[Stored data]
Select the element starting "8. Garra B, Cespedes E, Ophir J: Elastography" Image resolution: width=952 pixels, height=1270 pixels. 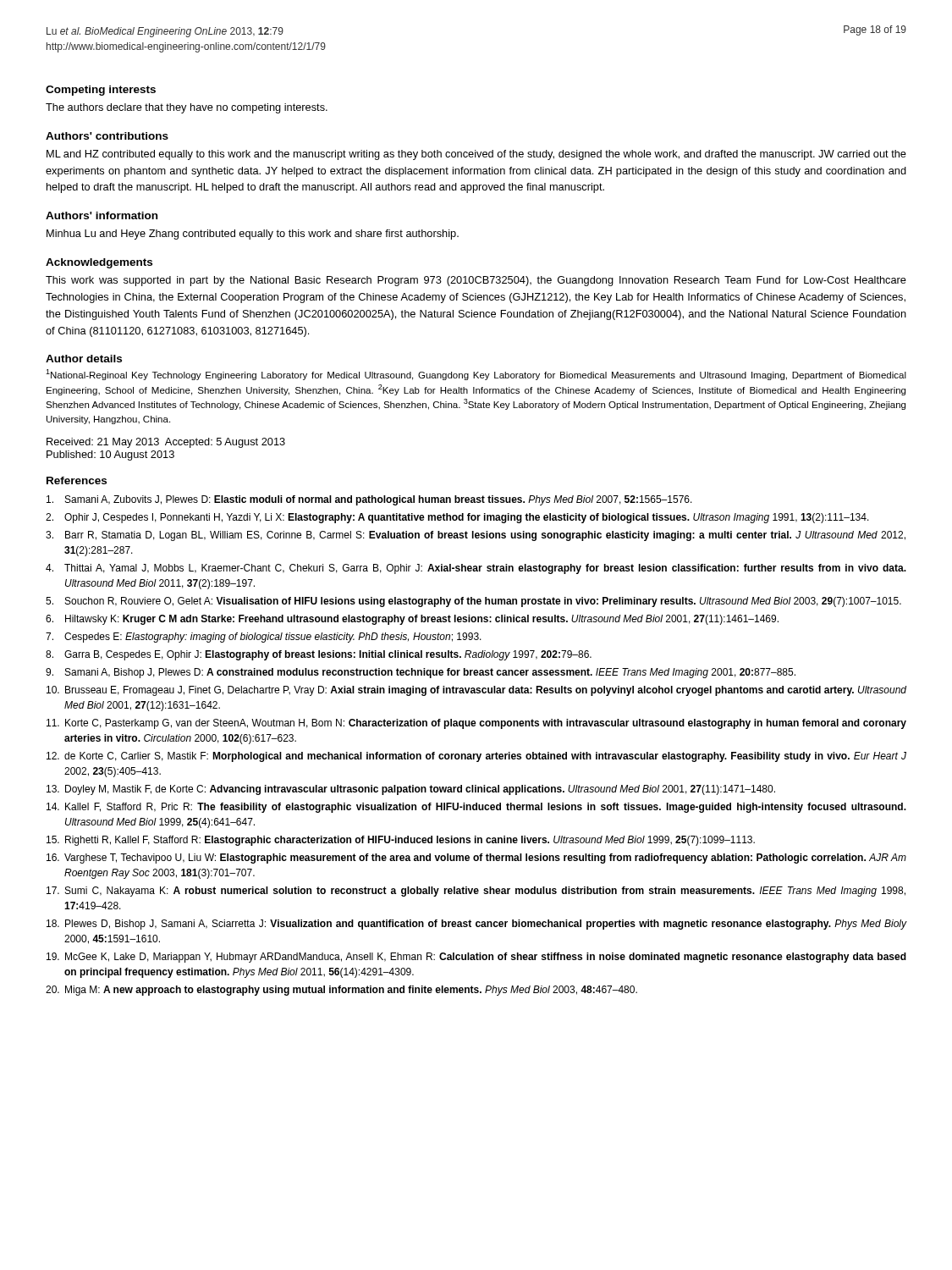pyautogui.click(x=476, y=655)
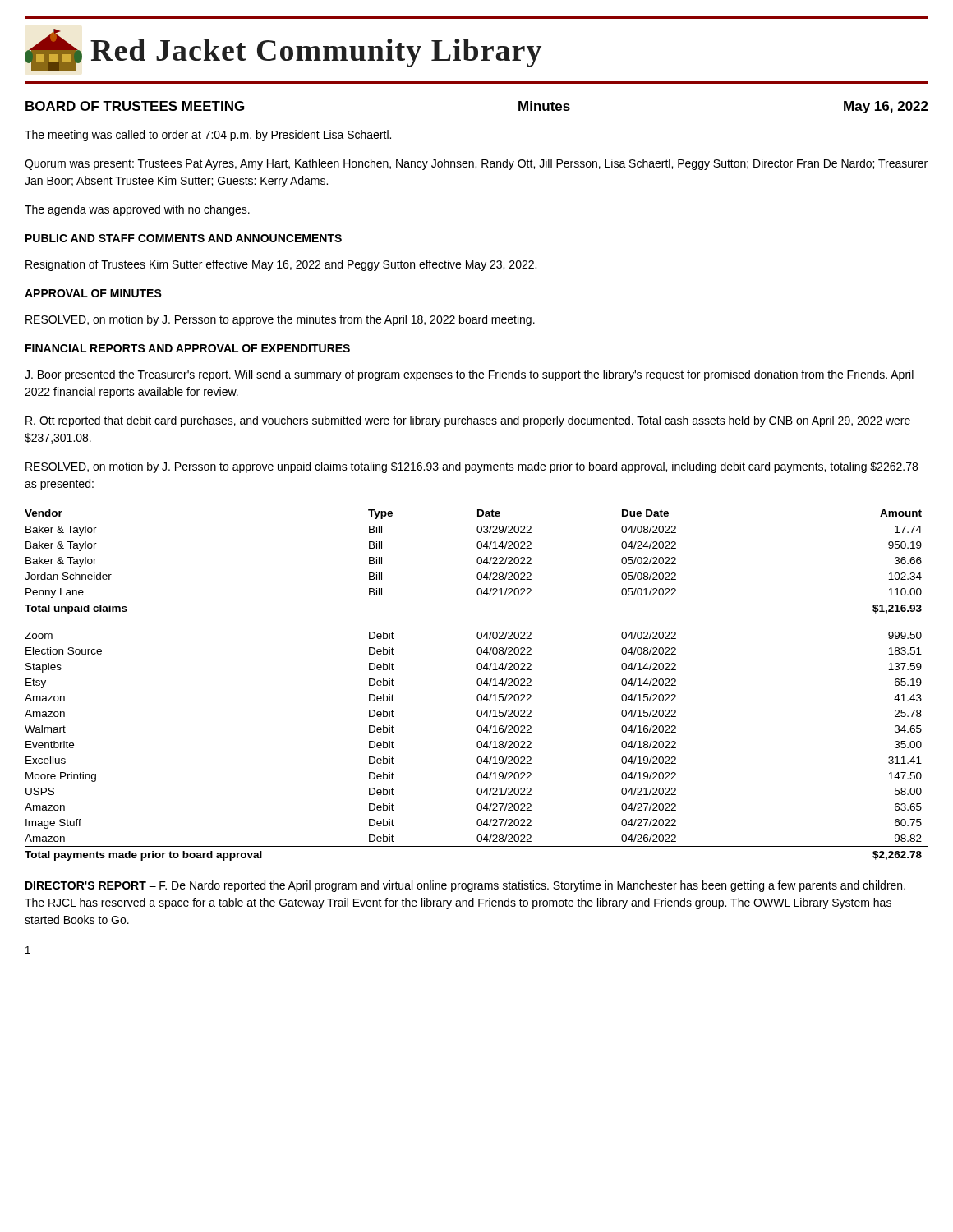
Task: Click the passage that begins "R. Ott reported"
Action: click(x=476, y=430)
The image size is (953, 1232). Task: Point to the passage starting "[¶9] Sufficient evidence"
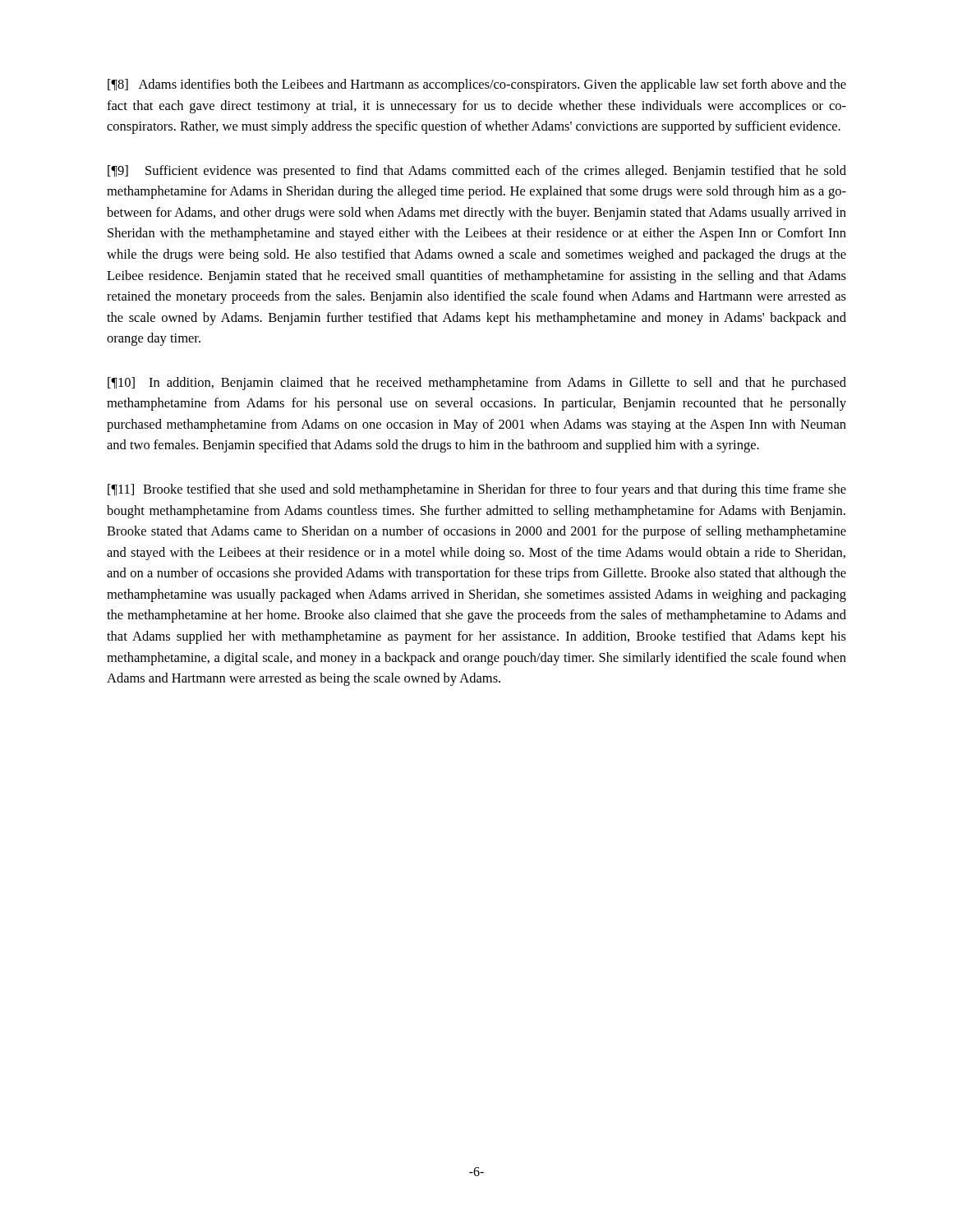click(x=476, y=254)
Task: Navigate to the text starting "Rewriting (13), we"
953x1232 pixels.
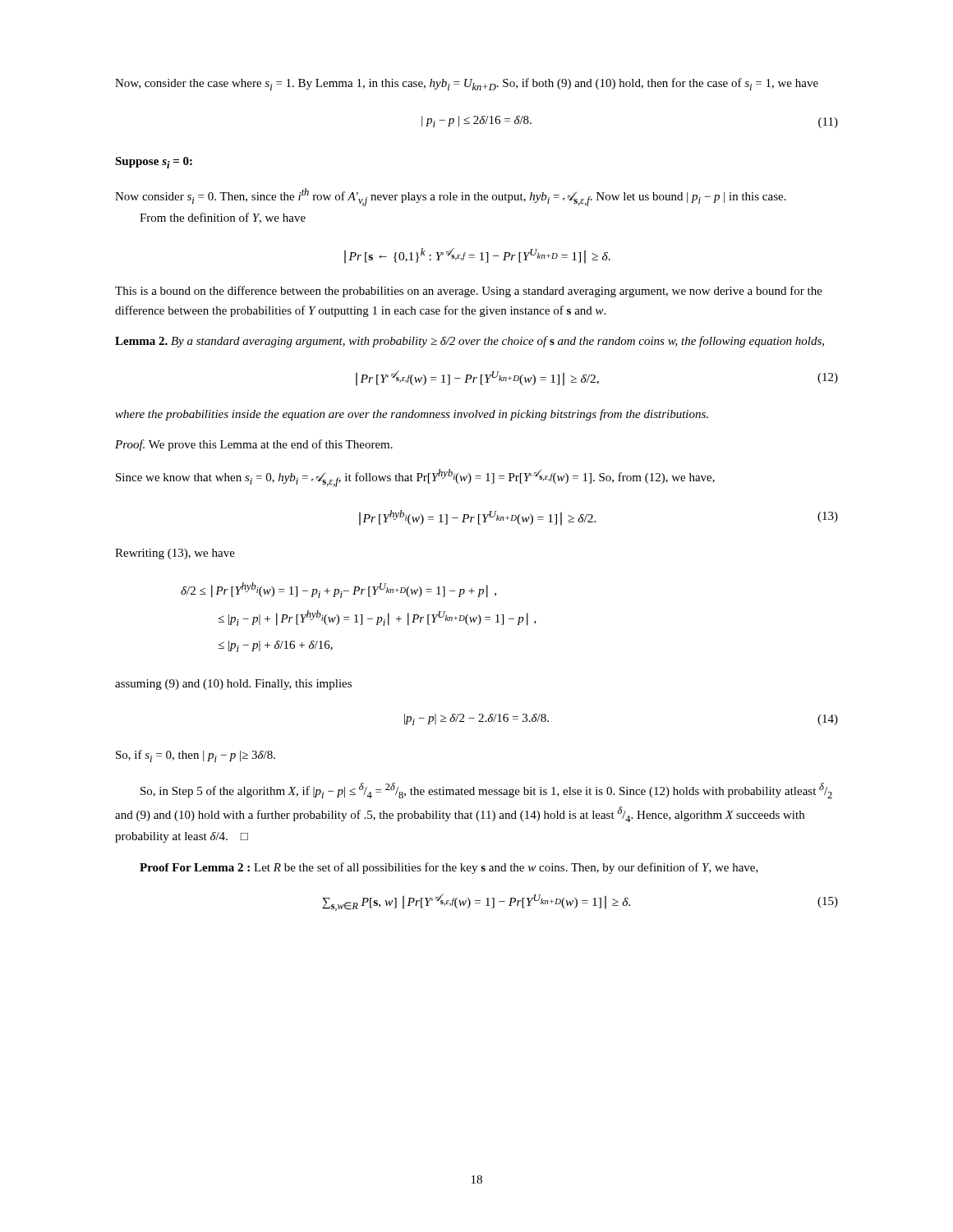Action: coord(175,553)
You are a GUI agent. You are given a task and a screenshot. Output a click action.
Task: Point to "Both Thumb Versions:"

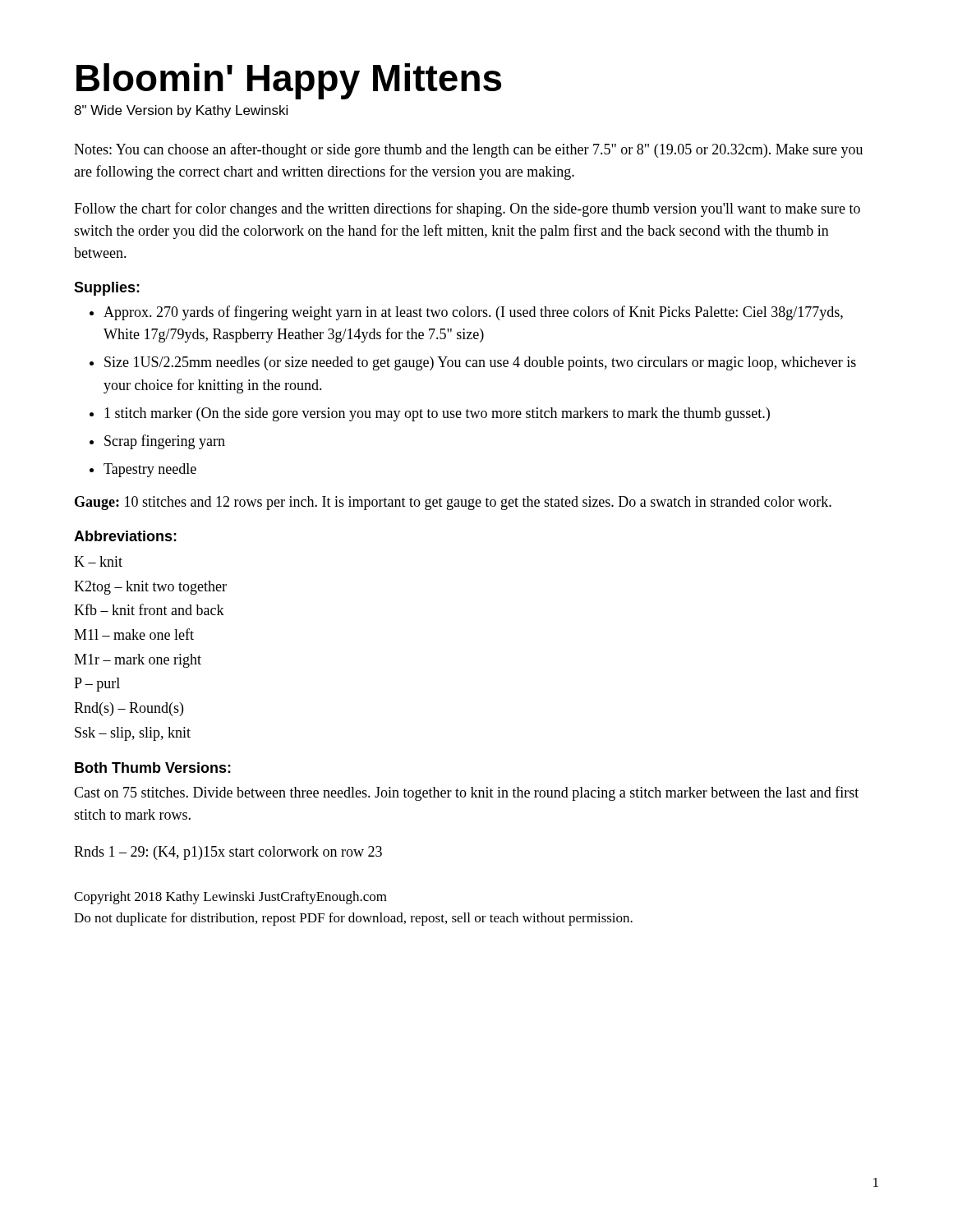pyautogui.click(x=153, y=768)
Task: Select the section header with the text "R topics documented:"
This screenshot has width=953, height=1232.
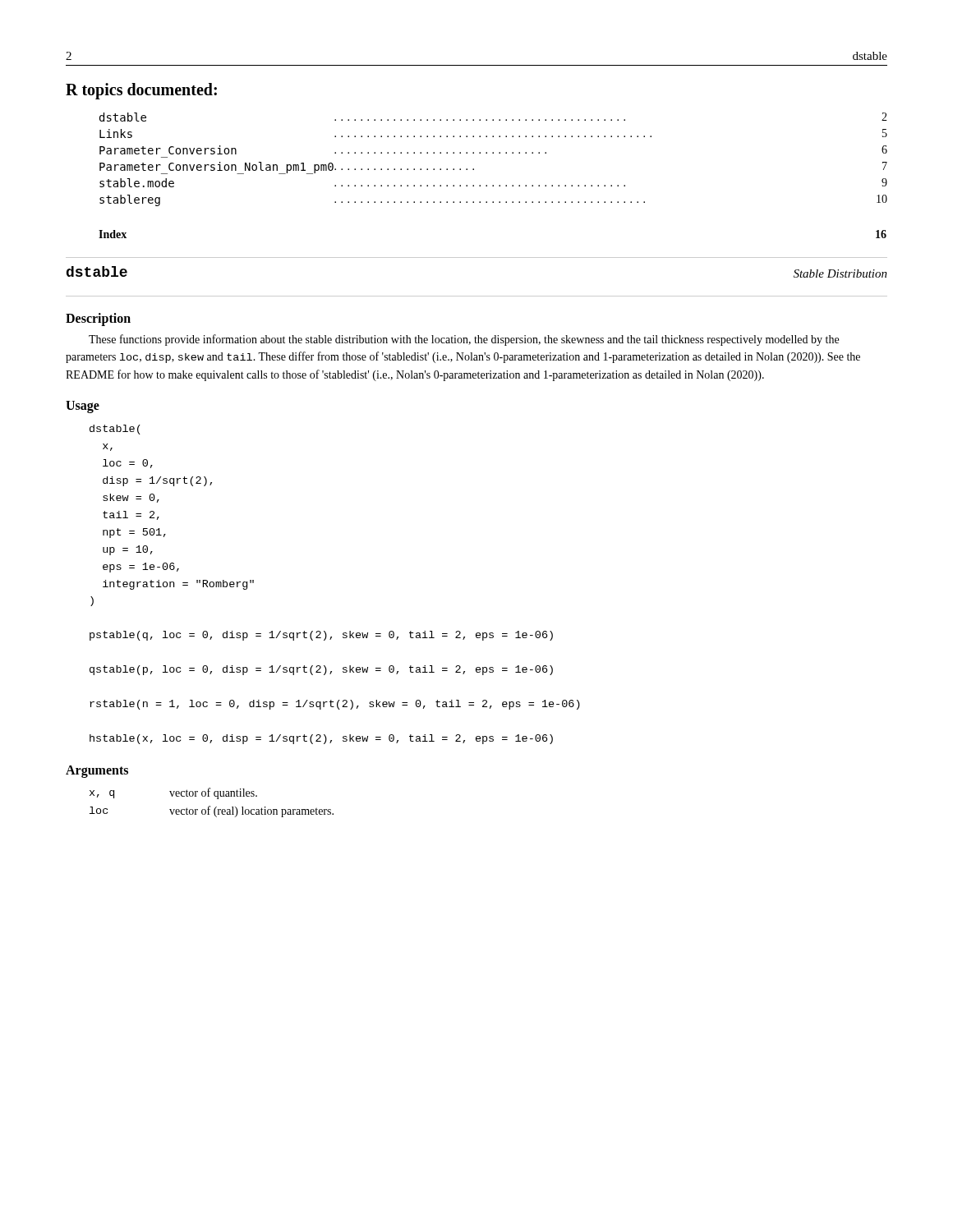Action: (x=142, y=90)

Assignment: Above are some records. Copy each of their lines that holds the string "text".

Answer to this task:
Task: Navigate to the text starting "Rewriting (13), we"
Task: Select the section header with the text "R topics documented:"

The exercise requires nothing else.